We are introduced at first to a dystopian future, where the political party with power in the United States has instituted something called “The Purge,” a 12-hour event that occurs once a year. This clearly well-thought-out idea stipulates that for this time period, all emergency services are rendered inactive and all crimes are legal. For a brief amount of time, murder, rape, theft, grand theft auto, speeding, skateboarding on campus and, yes, even jaywalking become legal.
The movie spends a good portion of the first act building the plot while simultaneously attempting to justify the existence of the purge. Unemployment is down to 1 percent (which technically is not a good thing; 4-5 percent is considered healthy), stocks are through the roof and the crime rate during the rest of the year is at an all time low. It would seem that in this world, the general population is happier and more content, and this is attributed to the ‘cathartic release’ that the purge allows for. Here is where we are presented with some of the most basic assumptions that this movie makes on human nature and the role of government within a society. Additionally, this is also where the movie stops talking about this concept and decides to become a slasher flick.

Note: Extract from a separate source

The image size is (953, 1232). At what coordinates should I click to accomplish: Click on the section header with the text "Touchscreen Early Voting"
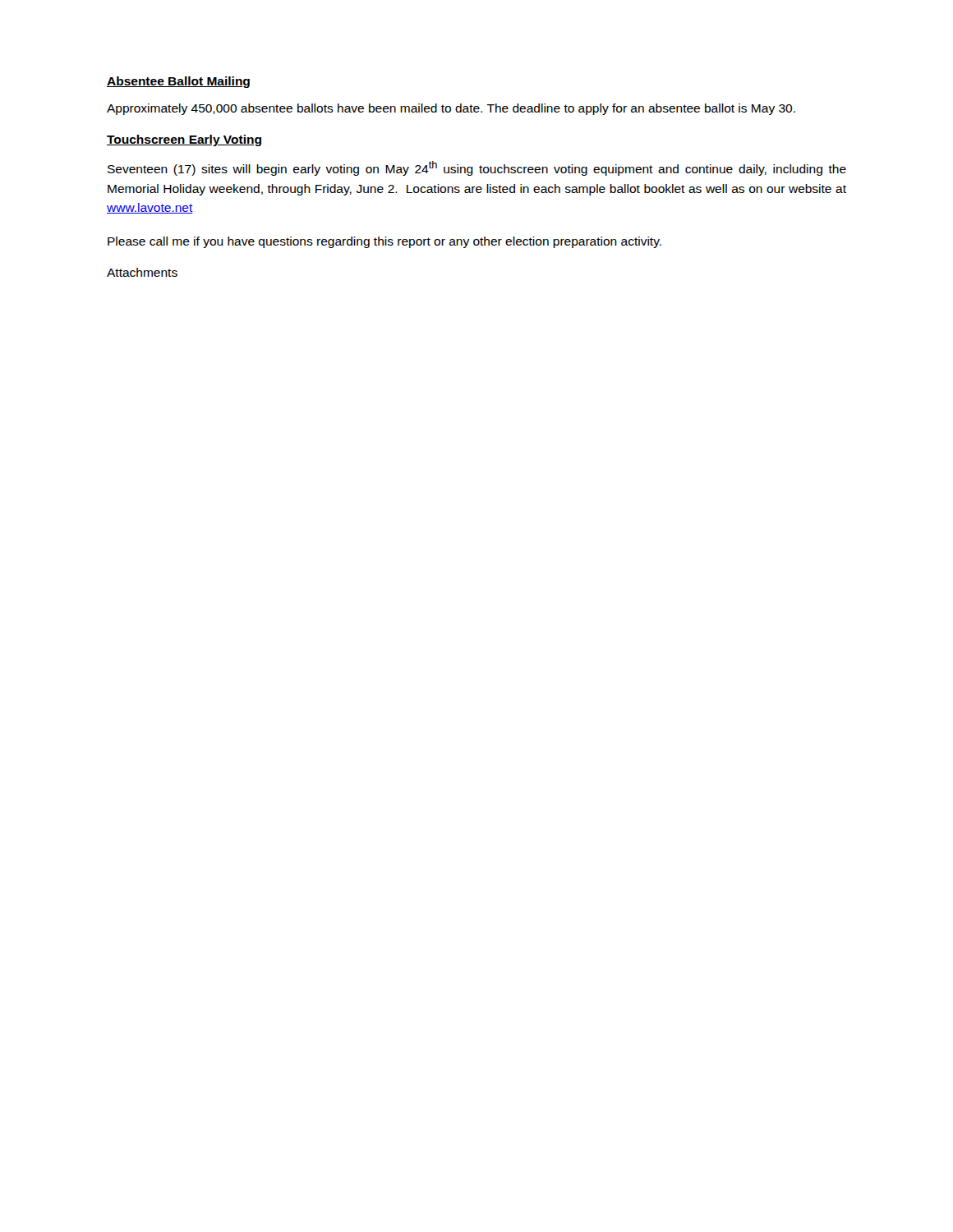click(x=184, y=139)

The ‘cathartic release’ that is supposed to occur during the purge indicates the society operates according to a very well-known assumption about humans — they are evil. The Thomas Hobbesian idea that humans are inherently evil and act solely in self-interest is a part of one of the most prominent political theories, and is the driving force behind the rationale for the purge. Assumptions about how humans interact with each other are key to building a government and a system of justice, and in this case the government adapts to the reality that humans are violent and evil.

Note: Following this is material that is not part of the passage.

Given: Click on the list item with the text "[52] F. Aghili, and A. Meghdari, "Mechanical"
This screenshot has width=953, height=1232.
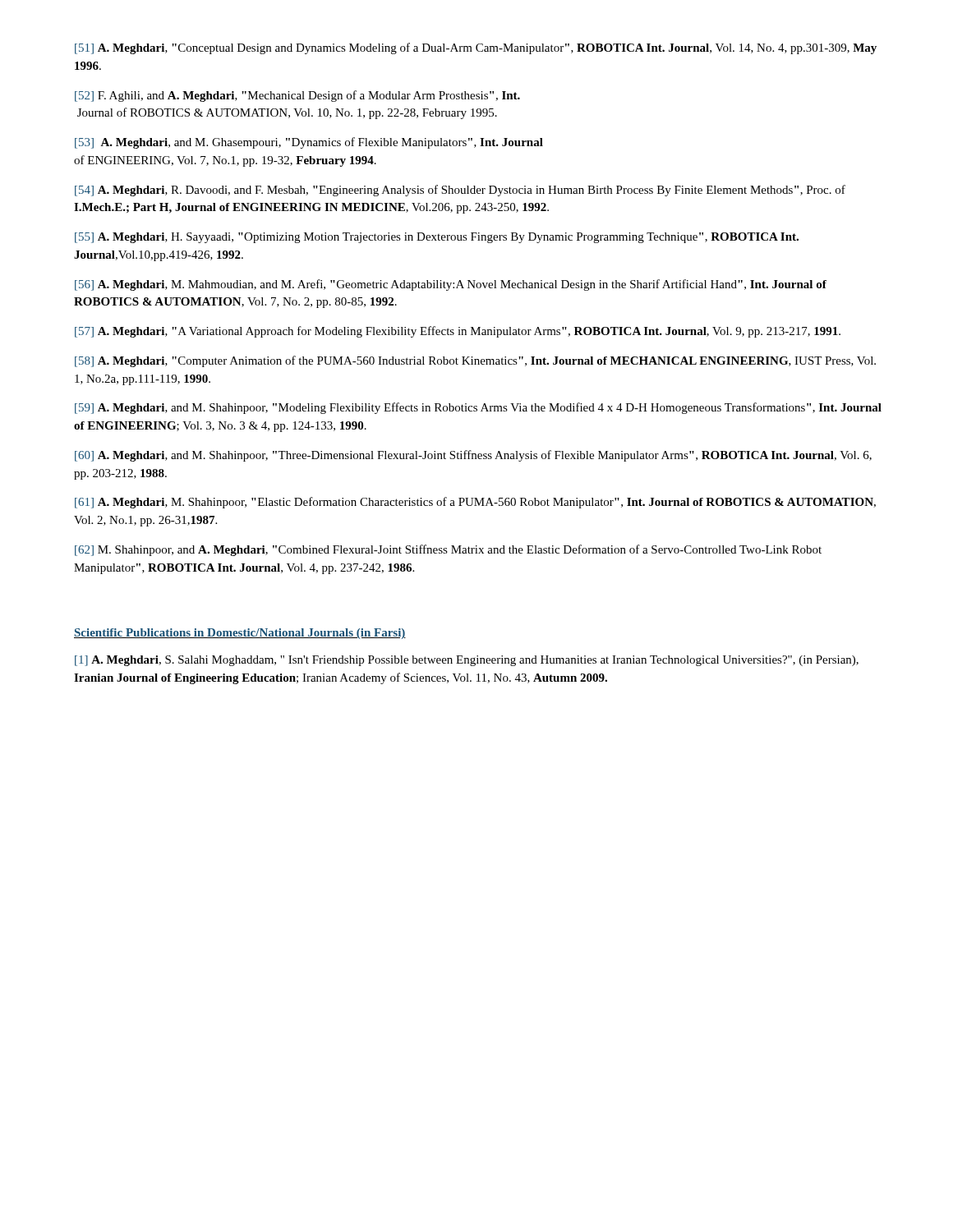Looking at the screenshot, I should tap(297, 104).

If you want to pin down and succinctly explain human nature, go for it. But to assume in all cases based on very limited experience and information that humans act in one specific way as compared to another is folly. Humans can be evil, and they can be self-interested, but we have an established system of justice to deal with these problems. Rather than work to build a solution for the root causes of poverty, homelessness and crime, they would rather bury the issues — literally. Creating a day where people can vent all of their troubles and frustrations by murdering other human beings isn’t a solution, it just proves you have a shitty government.
In some very interesting ways, the approach that the government in the movie takes to dealing with the friction between humans is unprecedented, such that it values the general will and well-being of the country as a unit, over the rights of the individual. This sentiment is also showcased by the blatant references to social inequality and the gaps that exist between different economic classes. The people that can afford to defend themselves are not-so-subtly referred to as the ‘haves’ and those that cannot defend themselves are referred to as ‘pigs’ that are non-contributing members of society.
One important caveat that must be noted is a specific rule to the purge that protects those of high-ranking political importance. During the purge, certain members of government and high ranking officials are immune to the affects of the purge, further creating a gap between classes. With this revelation, it becomes clear that the purge is used to weed out and eliminate ‘social parasites’ or free-riders.
This is a very conventional thought, where those with power and influence wish to keep it, and in this case create an American gladiator match to ensure it. Those in power wrongfully believe that keeping the wealth at the top will also give positive results to those at the bottom of the pyramid. Some believe we should pull from the top, rather than raise from the bottom. The expectation is that if those at the top have more, they can give more, but I guess that would be an issue if all humans are evil assholes that want to kill each other all the time.